● **Stored entries**:
----

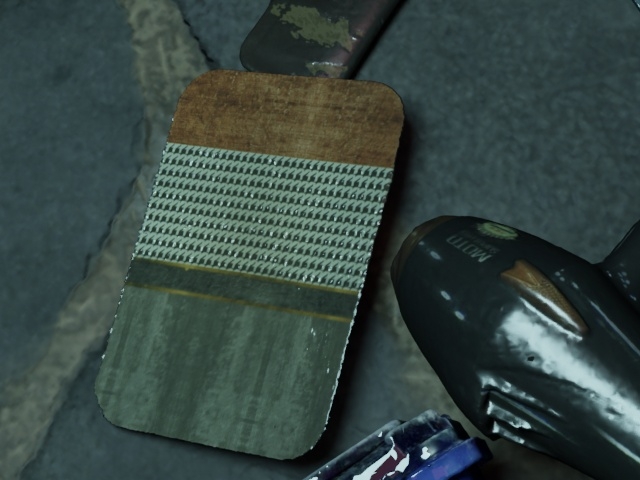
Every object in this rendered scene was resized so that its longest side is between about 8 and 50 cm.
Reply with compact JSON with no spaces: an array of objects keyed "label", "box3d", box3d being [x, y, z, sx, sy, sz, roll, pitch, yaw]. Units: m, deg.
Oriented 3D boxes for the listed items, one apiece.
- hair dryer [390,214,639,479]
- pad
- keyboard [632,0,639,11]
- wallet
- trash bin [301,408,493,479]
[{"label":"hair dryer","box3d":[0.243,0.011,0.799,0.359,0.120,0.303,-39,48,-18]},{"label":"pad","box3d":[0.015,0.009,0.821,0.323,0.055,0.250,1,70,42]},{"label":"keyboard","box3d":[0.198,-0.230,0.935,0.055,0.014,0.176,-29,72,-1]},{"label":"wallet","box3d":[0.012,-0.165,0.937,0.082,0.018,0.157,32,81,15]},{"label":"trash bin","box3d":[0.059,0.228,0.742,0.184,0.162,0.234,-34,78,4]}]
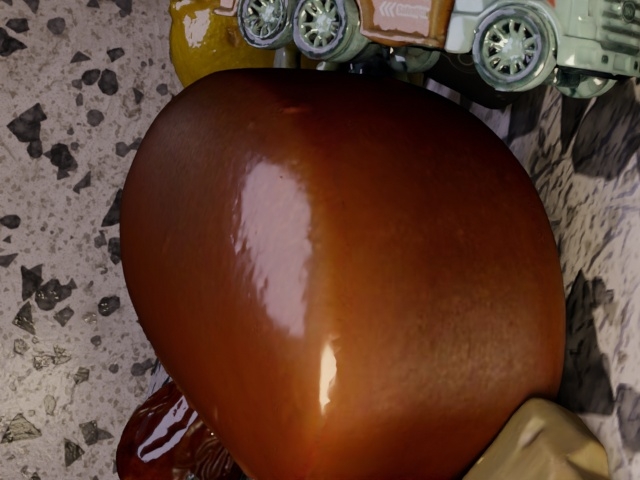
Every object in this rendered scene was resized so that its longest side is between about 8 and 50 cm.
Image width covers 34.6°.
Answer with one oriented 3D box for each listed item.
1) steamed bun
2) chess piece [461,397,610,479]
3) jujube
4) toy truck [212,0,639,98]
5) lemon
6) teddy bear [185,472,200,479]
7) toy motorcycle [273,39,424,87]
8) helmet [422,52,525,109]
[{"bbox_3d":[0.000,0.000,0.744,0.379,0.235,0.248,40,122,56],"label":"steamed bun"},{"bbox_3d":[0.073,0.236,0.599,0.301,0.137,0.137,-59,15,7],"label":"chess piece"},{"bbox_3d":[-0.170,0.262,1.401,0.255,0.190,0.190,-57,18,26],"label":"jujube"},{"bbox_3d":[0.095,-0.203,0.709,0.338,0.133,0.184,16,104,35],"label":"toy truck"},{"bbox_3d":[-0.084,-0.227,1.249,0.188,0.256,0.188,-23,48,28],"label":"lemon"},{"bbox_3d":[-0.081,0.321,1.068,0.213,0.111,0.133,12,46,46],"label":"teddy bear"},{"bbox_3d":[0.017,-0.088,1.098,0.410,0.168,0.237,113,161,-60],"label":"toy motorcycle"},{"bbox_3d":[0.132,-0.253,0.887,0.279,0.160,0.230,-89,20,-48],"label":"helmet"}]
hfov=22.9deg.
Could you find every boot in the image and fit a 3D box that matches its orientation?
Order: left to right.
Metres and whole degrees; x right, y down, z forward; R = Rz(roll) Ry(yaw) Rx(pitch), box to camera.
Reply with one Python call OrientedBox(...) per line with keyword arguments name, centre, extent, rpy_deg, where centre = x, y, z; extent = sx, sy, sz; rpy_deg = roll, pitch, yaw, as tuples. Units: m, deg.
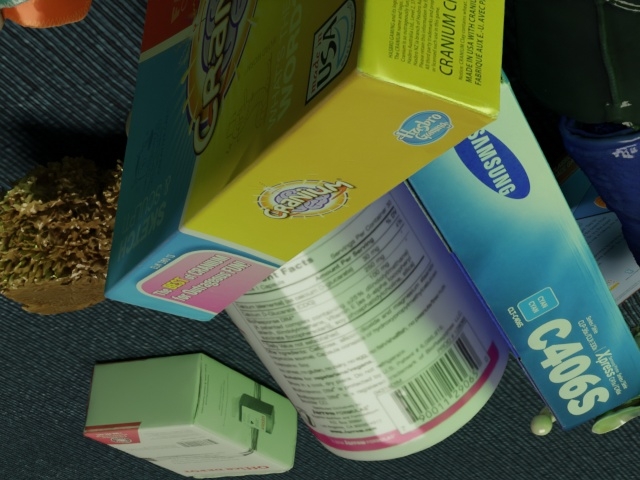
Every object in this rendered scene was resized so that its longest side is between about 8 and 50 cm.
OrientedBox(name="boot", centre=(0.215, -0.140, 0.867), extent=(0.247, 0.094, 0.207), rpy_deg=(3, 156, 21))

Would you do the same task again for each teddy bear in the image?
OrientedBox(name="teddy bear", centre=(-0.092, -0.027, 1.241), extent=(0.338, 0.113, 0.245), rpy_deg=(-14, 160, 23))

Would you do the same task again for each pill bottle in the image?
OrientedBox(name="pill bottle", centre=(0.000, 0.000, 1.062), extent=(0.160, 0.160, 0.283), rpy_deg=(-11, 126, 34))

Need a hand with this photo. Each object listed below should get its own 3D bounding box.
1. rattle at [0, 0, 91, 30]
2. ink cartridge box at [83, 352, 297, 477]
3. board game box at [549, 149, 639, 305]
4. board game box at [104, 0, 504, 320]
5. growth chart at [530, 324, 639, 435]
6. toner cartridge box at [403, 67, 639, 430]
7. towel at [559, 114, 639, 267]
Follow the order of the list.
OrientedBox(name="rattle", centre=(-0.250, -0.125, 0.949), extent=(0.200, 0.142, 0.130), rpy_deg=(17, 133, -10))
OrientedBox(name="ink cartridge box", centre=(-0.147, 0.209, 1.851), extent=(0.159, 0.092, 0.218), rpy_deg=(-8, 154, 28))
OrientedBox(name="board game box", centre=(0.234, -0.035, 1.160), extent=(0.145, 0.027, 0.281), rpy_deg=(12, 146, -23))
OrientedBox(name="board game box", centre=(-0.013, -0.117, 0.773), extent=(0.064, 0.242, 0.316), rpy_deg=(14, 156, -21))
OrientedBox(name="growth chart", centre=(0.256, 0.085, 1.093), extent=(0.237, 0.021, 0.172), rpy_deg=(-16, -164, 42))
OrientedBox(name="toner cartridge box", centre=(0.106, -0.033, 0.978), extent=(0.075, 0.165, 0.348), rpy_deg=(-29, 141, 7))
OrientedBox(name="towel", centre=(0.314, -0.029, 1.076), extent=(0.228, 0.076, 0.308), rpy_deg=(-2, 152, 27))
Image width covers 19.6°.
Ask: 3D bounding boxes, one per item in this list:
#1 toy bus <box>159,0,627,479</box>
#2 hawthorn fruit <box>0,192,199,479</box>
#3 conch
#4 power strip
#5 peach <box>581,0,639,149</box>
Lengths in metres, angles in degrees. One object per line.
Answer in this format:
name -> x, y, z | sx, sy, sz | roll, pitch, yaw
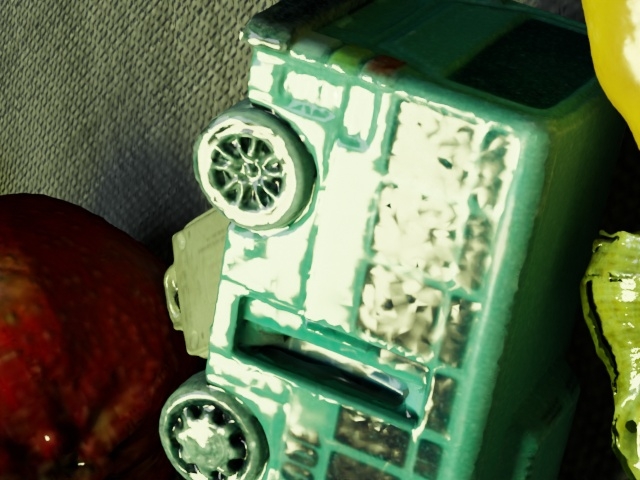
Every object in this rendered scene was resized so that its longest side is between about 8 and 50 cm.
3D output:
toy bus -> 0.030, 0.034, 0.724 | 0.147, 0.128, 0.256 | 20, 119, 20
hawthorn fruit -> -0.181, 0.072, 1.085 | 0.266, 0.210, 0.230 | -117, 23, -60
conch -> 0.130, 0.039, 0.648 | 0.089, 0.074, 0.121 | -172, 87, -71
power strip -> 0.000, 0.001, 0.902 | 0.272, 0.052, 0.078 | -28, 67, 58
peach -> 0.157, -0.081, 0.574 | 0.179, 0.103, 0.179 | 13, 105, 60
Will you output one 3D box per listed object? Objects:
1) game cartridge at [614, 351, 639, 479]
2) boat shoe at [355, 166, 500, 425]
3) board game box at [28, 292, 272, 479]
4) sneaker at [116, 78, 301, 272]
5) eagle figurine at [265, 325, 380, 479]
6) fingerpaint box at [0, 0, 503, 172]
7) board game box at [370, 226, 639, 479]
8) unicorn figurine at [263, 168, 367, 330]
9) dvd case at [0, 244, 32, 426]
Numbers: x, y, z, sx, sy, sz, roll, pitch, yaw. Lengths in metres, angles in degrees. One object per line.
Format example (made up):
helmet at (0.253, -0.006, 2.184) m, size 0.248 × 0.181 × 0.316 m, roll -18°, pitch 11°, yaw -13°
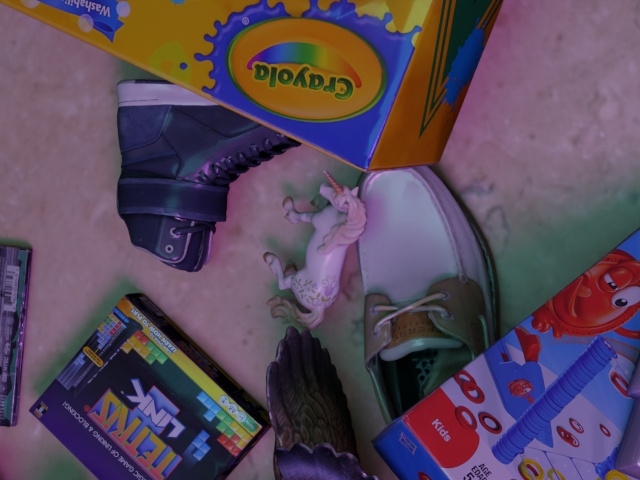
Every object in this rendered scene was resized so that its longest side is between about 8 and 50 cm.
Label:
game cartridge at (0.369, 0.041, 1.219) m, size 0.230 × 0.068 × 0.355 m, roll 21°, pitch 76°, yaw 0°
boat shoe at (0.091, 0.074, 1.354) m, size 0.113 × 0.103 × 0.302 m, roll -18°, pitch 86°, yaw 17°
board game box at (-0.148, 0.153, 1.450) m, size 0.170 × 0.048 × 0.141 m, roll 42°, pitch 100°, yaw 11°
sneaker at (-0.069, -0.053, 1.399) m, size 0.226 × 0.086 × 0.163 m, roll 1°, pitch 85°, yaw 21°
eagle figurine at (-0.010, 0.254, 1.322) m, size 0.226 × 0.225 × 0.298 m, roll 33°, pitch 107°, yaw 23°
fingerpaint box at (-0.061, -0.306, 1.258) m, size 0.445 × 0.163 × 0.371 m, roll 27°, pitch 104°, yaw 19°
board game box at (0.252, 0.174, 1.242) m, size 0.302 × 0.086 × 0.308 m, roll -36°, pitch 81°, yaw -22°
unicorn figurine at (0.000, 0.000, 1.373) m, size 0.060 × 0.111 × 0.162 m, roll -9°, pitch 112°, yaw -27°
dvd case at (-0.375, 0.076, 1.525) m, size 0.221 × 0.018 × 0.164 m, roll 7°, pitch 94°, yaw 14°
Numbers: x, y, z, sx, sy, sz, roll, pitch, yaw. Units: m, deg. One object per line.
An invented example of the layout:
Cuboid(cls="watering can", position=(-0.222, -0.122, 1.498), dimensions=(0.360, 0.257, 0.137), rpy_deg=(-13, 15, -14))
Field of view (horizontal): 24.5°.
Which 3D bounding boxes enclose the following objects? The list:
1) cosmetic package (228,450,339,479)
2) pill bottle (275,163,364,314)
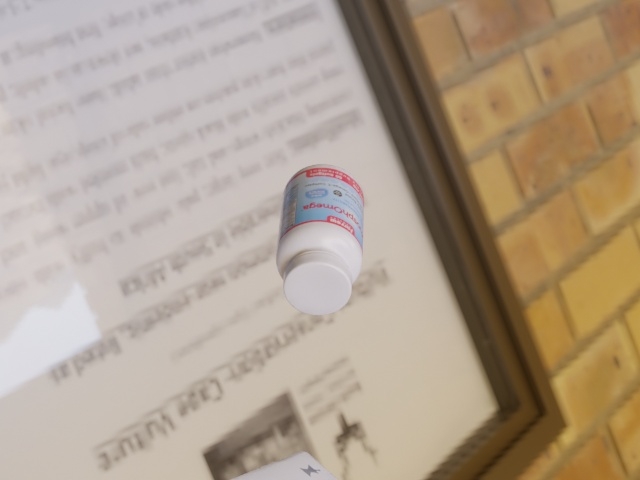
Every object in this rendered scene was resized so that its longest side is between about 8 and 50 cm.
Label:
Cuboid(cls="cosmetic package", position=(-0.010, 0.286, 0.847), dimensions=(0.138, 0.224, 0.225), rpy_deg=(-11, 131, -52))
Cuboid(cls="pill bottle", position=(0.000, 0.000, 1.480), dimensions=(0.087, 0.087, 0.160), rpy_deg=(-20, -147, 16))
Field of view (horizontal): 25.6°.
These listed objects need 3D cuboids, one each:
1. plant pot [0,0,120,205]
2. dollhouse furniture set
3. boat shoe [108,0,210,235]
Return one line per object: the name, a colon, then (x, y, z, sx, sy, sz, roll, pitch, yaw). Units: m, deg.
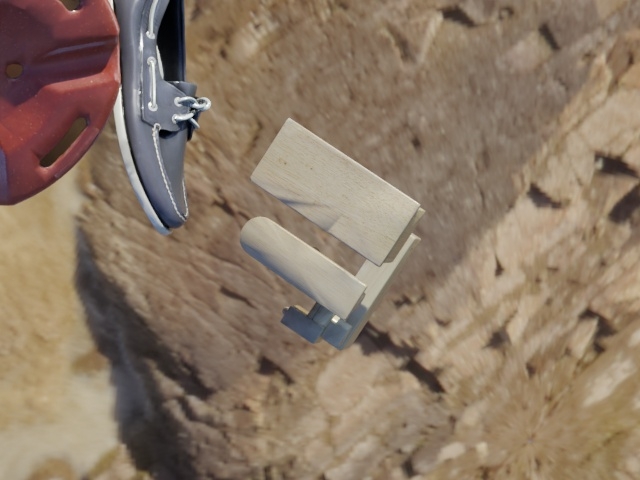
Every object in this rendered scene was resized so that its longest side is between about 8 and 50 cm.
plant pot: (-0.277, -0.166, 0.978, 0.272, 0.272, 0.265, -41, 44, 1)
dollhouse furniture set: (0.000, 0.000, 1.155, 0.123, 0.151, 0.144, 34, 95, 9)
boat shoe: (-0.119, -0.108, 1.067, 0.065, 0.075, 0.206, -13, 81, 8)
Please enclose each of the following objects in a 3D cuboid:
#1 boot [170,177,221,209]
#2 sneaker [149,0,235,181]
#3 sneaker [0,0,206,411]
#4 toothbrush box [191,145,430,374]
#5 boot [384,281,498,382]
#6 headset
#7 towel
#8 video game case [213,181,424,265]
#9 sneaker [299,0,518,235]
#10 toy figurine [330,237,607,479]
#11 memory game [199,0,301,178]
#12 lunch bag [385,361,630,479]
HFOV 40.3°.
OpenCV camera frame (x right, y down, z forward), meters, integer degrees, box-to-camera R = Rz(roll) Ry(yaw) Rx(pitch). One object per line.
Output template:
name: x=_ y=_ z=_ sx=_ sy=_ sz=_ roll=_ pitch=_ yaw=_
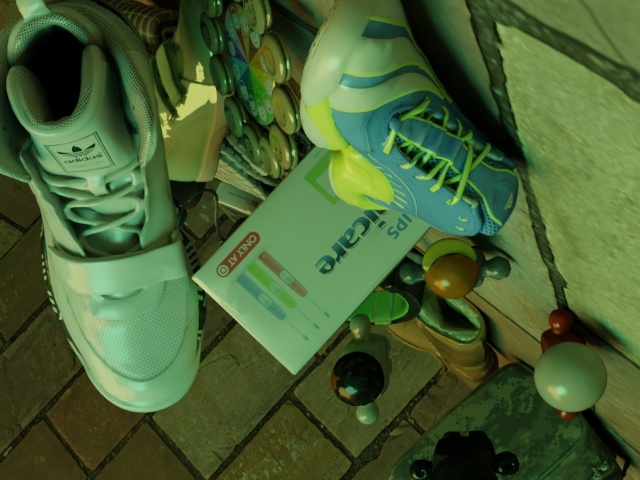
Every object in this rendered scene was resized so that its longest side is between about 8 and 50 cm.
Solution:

----

● **ACTION ITEM**: Word for word, restate the lines above from the line containing "Would you do the same task again for each pill" through the line containing "4. board game box at [104, 0, 504, 320]", with both included and nothing else.

● **SOLUTION FOR THIS PROBLEM**:
Would you do the same task again for each pill bottle in the image?
OrientedBox(name="pill bottle", centre=(0.000, 0.000, 1.062), extent=(0.160, 0.160, 0.283), rpy_deg=(-11, 126, 34))

Need a hand with this photo. Each object listed below should get its own 3D bounding box.
1. rattle at [0, 0, 91, 30]
2. ink cartridge box at [83, 352, 297, 477]
3. board game box at [549, 149, 639, 305]
4. board game box at [104, 0, 504, 320]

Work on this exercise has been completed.